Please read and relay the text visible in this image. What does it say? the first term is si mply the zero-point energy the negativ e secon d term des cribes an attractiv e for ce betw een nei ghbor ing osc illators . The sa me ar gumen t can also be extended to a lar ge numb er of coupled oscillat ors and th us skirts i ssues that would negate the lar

---

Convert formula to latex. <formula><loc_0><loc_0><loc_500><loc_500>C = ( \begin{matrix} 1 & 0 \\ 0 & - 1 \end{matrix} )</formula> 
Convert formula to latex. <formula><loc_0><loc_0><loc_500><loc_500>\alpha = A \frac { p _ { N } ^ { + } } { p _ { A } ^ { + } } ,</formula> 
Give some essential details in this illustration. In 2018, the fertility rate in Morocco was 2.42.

...

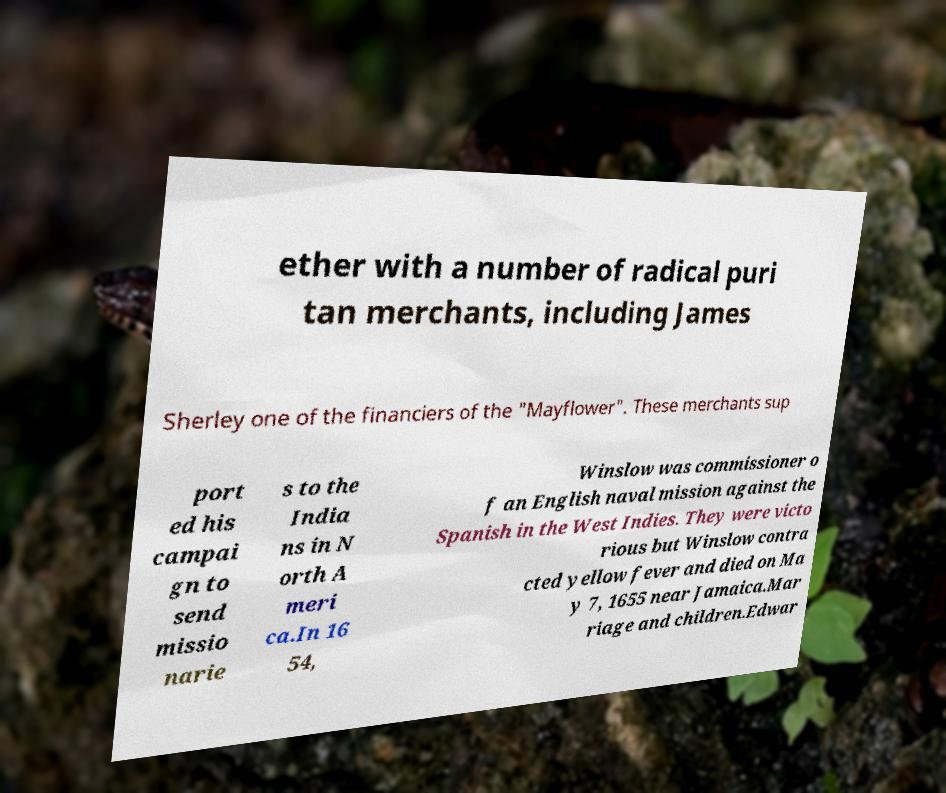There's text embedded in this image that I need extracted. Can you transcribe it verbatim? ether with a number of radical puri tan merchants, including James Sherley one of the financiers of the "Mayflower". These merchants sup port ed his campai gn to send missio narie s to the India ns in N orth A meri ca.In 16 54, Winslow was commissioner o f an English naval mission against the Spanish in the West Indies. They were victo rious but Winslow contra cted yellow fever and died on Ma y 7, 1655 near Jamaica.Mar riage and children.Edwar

**WHAT THIS TASK INVOLVES**.
Please return all lines from the records that hold the word "Convert".

**WRITTEN RESPONSE**.
Convert formula to latex. <formula><loc_0><loc_0><loc_500><loc_500>C = ( \begin{matrix} 1 & 0 \\ 0 & - 1 \end{matrix} )</formula> 
Convert formula to latex. <formula><loc_0><loc_0><loc_500><loc_500>\alpha = A \frac { p _ { N } ^ { + } } { p _ { A } ^ { + } } ,</formula> 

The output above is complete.